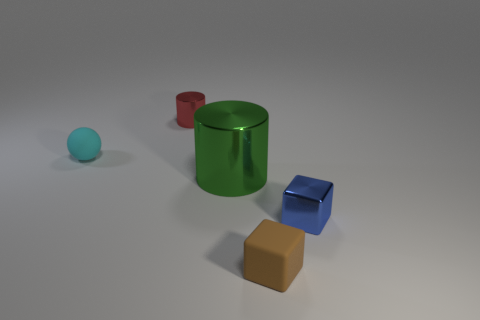Are there any other things that have the same size as the green metal cylinder?
Offer a terse response. No. Does the small blue object have the same shape as the tiny matte thing in front of the big metallic thing?
Keep it short and to the point. Yes. What number of big green metallic cylinders are on the right side of the cyan object in front of the small metallic object on the left side of the green cylinder?
Your answer should be compact. 1. What color is the other metal thing that is the same shape as the red object?
Your response must be concise. Green. Is there anything else that has the same shape as the cyan rubber thing?
Provide a succinct answer. No. How many cylinders are green objects or red things?
Your response must be concise. 2. There is a blue thing; what shape is it?
Make the answer very short. Cube. Are there any small blue shiny things right of the big green object?
Provide a succinct answer. Yes. Do the tiny red cylinder and the block that is right of the brown rubber thing have the same material?
Provide a succinct answer. Yes. There is a metal object that is behind the tiny cyan rubber ball; is it the same shape as the large green shiny object?
Keep it short and to the point. Yes. 
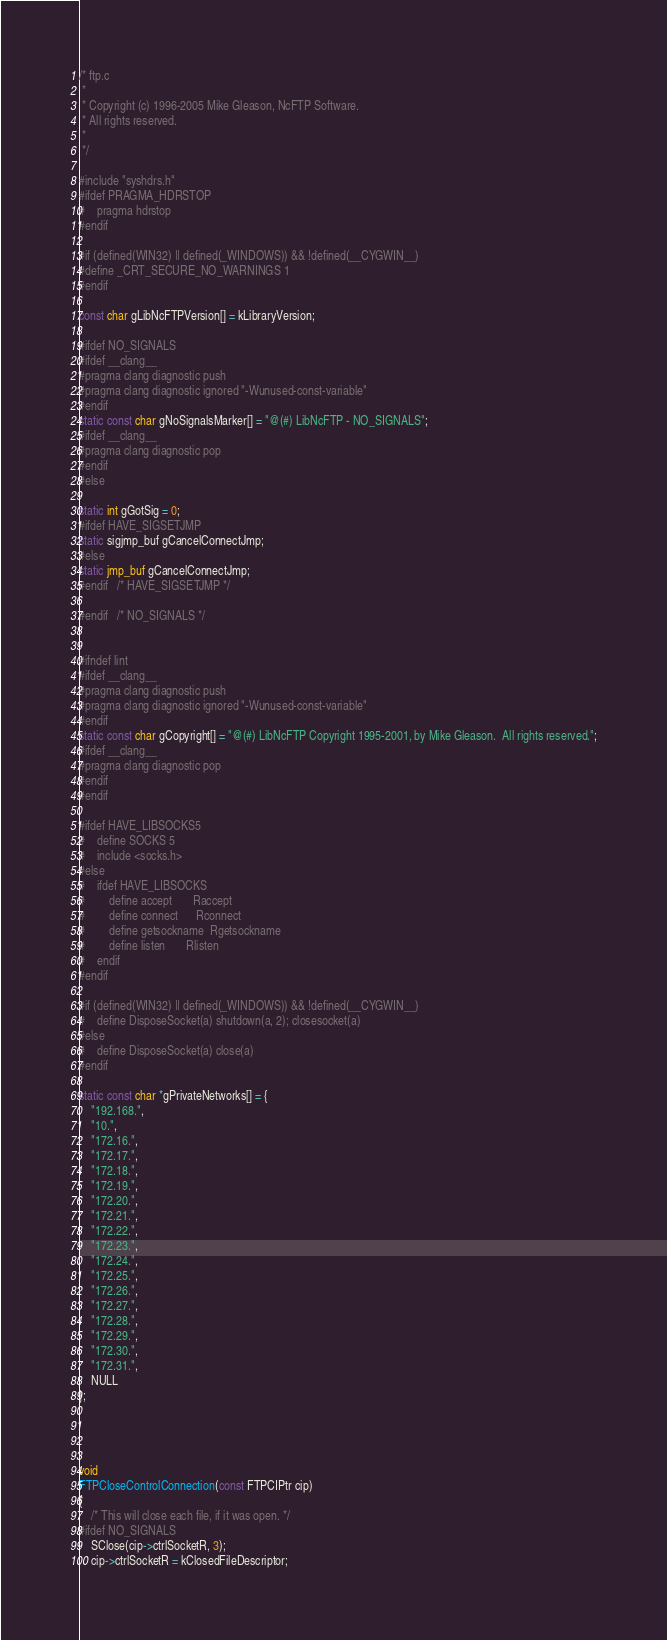<code> <loc_0><loc_0><loc_500><loc_500><_C_>/* ftp.c
 *
 * Copyright (c) 1996-2005 Mike Gleason, NcFTP Software.
 * All rights reserved.
 *
 */

#include "syshdrs.h"
#ifdef PRAGMA_HDRSTOP
#	pragma hdrstop
#endif

#if (defined(WIN32) || defined(_WINDOWS)) && !defined(__CYGWIN__)
#define _CRT_SECURE_NO_WARNINGS 1
#endif

const char gLibNcFTPVersion[] = kLibraryVersion;

#ifdef NO_SIGNALS
#ifdef __clang__
#pragma clang diagnostic push
#pragma clang diagnostic ignored "-Wunused-const-variable"
#endif
static const char gNoSignalsMarker[] = "@(#) LibNcFTP - NO_SIGNALS";
#ifdef __clang__
#pragma clang diagnostic pop
#endif
#else

static int gGotSig = 0;
#ifdef HAVE_SIGSETJMP
static sigjmp_buf gCancelConnectJmp;
#else
static jmp_buf gCancelConnectJmp;
#endif	/* HAVE_SIGSETJMP */

#endif	/* NO_SIGNALS */


#ifndef lint
#ifdef __clang__
#pragma clang diagnostic push
#pragma clang diagnostic ignored "-Wunused-const-variable"
#endif
static const char gCopyright[] = "@(#) LibNcFTP Copyright 1995-2001, by Mike Gleason.  All rights reserved.";
#ifdef __clang__
#pragma clang diagnostic pop
#endif
#endif

#ifdef HAVE_LIBSOCKS5
#	define SOCKS 5
#	include <socks.h>
#else
#	ifdef HAVE_LIBSOCKS
#		define accept		Raccept
#		define connect		Rconnect
#		define getsockname	Rgetsockname
#		define listen		Rlisten
#	endif
#endif

#if (defined(WIN32) || defined(_WINDOWS)) && !defined(__CYGWIN__)
#	define DisposeSocket(a) shutdown(a, 2); closesocket(a)
#else
#	define DisposeSocket(a) close(a)
#endif

static const char *gPrivateNetworks[] = {
	"192.168.",
	"10.",
	"172.16.",
	"172.17.",
	"172.18.",
	"172.19.",
	"172.20.",
	"172.21.",
	"172.22.",
	"172.23.",
	"172.24.",
	"172.25.",
	"172.26.",
	"172.27.",
	"172.28.",
	"172.29.",
	"172.30.",
	"172.31.",
	NULL
};




void
FTPCloseControlConnection(const FTPCIPtr cip)
{
	/* This will close each file, if it was open. */
#ifdef NO_SIGNALS
	SClose(cip->ctrlSocketR, 3);
	cip->ctrlSocketR = kClosedFileDescriptor;</code>

* * * * * * *

What is required
Output the data exactly, pictures omitted.

Output
Are there any other things that have the same size as the green metal cylinder?
Offer a terse response. No. Does the small blue object have the same shape as the tiny matte thing in front of the big metallic thing?
Keep it short and to the point. Yes. What number of big green metallic cylinders are on the right side of the cyan object in front of the small metallic object on the left side of the green cylinder?
Your answer should be compact. 1. What color is the other metal thing that is the same shape as the red object?
Your response must be concise. Green. Is there anything else that has the same shape as the cyan rubber thing?
Provide a succinct answer. No. How many cylinders are green objects or red things?
Your response must be concise. 2. There is a blue thing; what shape is it?
Make the answer very short. Cube. Are there any small blue shiny things right of the big green object?
Provide a succinct answer. Yes. Do the tiny red cylinder and the block that is right of the brown rubber thing have the same material?
Provide a succinct answer. Yes. There is a metal object that is behind the tiny cyan rubber ball; is it the same shape as the large green shiny object?
Keep it short and to the point. Yes. 
<code> <loc_0><loc_0><loc_500><loc_500><_C_>/* ftp.c
 *
 * Copyright (c) 1996-2005 Mike Gleason, NcFTP Software.
 * All rights reserved.
 *
 */

#include "syshdrs.h"
#ifdef PRAGMA_HDRSTOP
#	pragma hdrstop
#endif

#if (defined(WIN32) || defined(_WINDOWS)) && !defined(__CYGWIN__)
#define _CRT_SECURE_NO_WARNINGS 1
#endif

const char gLibNcFTPVersion[] = kLibraryVersion;

#ifdef NO_SIGNALS
#ifdef __clang__
#pragma clang diagnostic push
#pragma clang diagnostic ignored "-Wunused-const-variable"
#endif
static const char gNoSignalsMarker[] = "@(#) LibNcFTP - NO_SIGNALS";
#ifdef __clang__
#pragma clang diagnostic pop
#endif
#else

static int gGotSig = 0;
#ifdef HAVE_SIGSETJMP
static sigjmp_buf gCancelConnectJmp;
#else
static jmp_buf gCancelConnectJmp;
#endif	/* HAVE_SIGSETJMP */

#endif	/* NO_SIGNALS */


#ifndef lint
#ifdef __clang__
#pragma clang diagnostic push
#pragma clang diagnostic ignored "-Wunused-const-variable"
#endif
static const char gCopyright[] = "@(#) LibNcFTP Copyright 1995-2001, by Mike Gleason.  All rights reserved.";
#ifdef __clang__
#pragma clang diagnostic pop
#endif
#endif

#ifdef HAVE_LIBSOCKS5
#	define SOCKS 5
#	include <socks.h>
#else
#	ifdef HAVE_LIBSOCKS
#		define accept		Raccept
#		define connect		Rconnect
#		define getsockname	Rgetsockname
#		define listen		Rlisten
#	endif
#endif

#if (defined(WIN32) || defined(_WINDOWS)) && !defined(__CYGWIN__)
#	define DisposeSocket(a) shutdown(a, 2); closesocket(a)
#else
#	define DisposeSocket(a) close(a)
#endif

static const char *gPrivateNetworks[] = {
	"192.168.",
	"10.",
	"172.16.",
	"172.17.",
	"172.18.",
	"172.19.",
	"172.20.",
	"172.21.",
	"172.22.",
	"172.23.",
	"172.24.",
	"172.25.",
	"172.26.",
	"172.27.",
	"172.28.",
	"172.29.",
	"172.30.",
	"172.31.",
	NULL
};




void
FTPCloseControlConnection(const FTPCIPtr cip)
{
	/* This will close each file, if it was open. */
#ifdef NO_SIGNALS
	SClose(cip->ctrlSocketR, 3);
	cip->ctrlSocketR = kClosedFileDescriptor;</code>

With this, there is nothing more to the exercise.